Danone and Wahaha said today (30 September) that they have agreed to end their dispute, after Danone agreed to ditch its 51% stake in the two companies' Chinese joint venture.

With allegations of copycat production and lengthy, not to mention costly, legal battles, it is a tale that contains some of the worst nightmares for western companies seeking partners in emerging markets.

There is already evidence that the Wahaha dispute has influenced Danone's strategy in these markets.

The French food and soft drinks giant announced in April that it would pursue growth in India, another key emerging market, on its own. The firm said it was pulling out of a turbulent 13-year joint venture with India's Wadia Group and would seek to grow its business "autonomously" in the country.

Having had its fingers singed, Danone appears sceptical about working with 'local' partners in emerging markets.

From the Wahaha side, it is clear the company believes the dispute with Danone could jeopardise the confidence of foreign investors in China.

China's Government took part in the peace talks between the two companies and its obsession with presenting a friendly face to outside investors is stamped all over today's official Wahaha statement.
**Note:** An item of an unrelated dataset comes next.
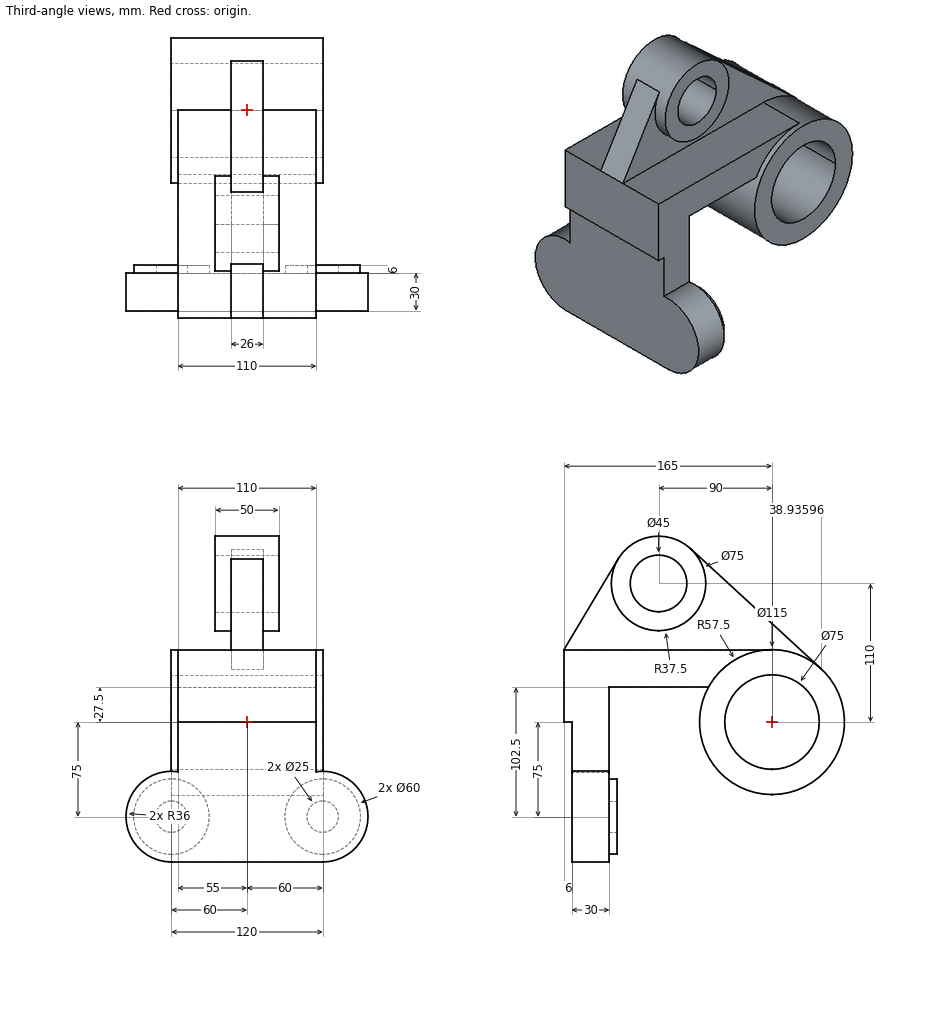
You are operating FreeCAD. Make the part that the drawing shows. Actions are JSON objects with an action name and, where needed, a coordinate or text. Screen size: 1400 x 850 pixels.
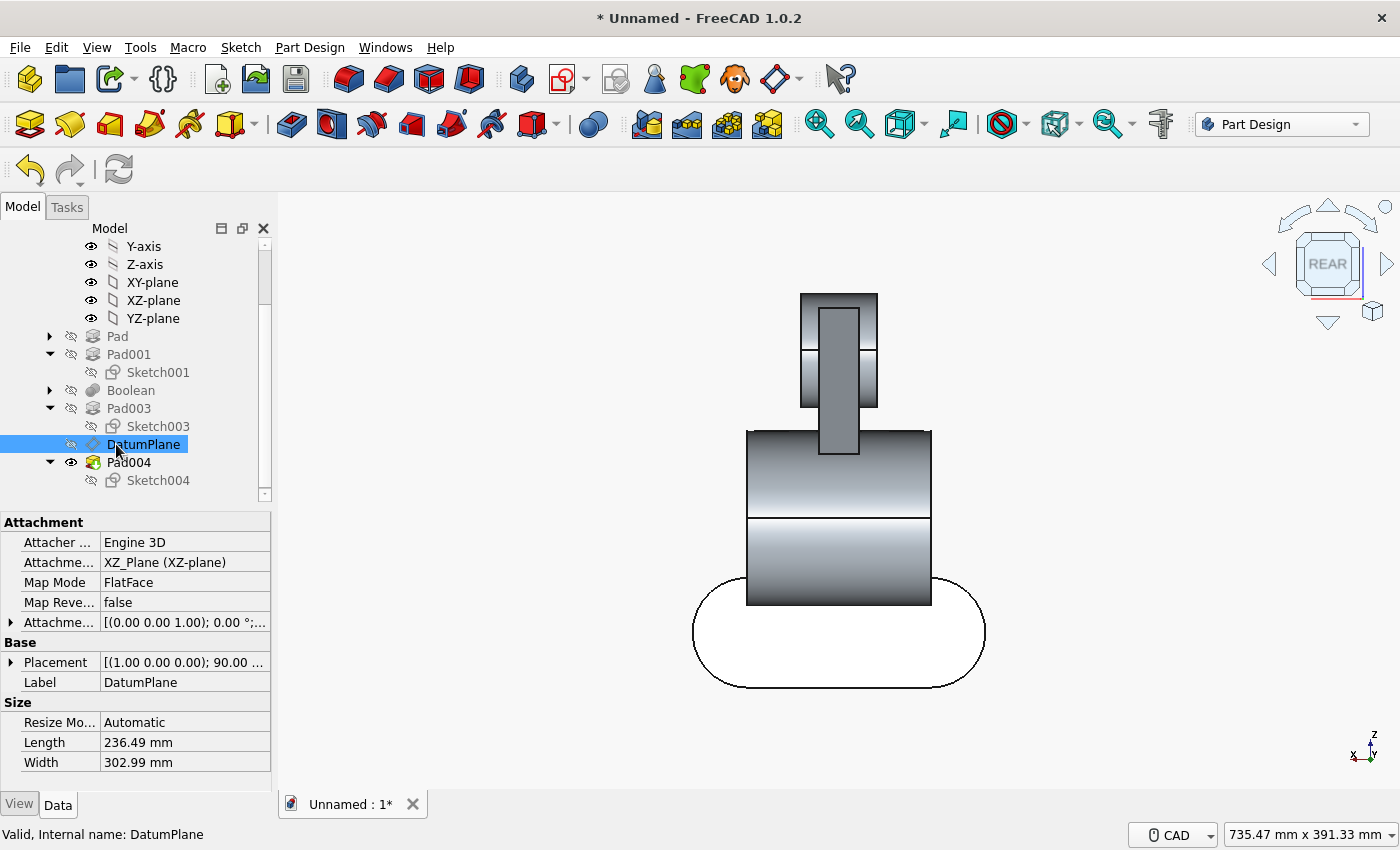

"China is an open country. Chinese people are broad-minded people. Chinese companies are willing to cooperate and grow with the world's leading peers on the basis of equality and reciprocal benefit," chimed Wahaha Group chairman Zong Qinhou.

The statement is reminiscent of China's strenuous efforts to deny claims of "economic nationalism" after officials blocked Coca-Cola Co's takeover of Huiyuan Juice Group.

In the end, companies are not going to turn their backs on so-called 'emerging markets' - the clue, of course, is in the name.

Danone today reiterated its "longstanding commitment" to China. Shortly before Coca-Cola Co was bounced out of the Huiyuan deal, it announced a three-year US$2bn investment plan for China, which is now the soft drinks giant's third largest market in the world by volume.

Multinational drinks companies cannot afford to be absent from the likes of India, China, Russia and Brazil, because of the growth opportunities those countries hold.

But, the Wahaha example will not be lost on those who operate in such markets and it may lead some to rethink their approach.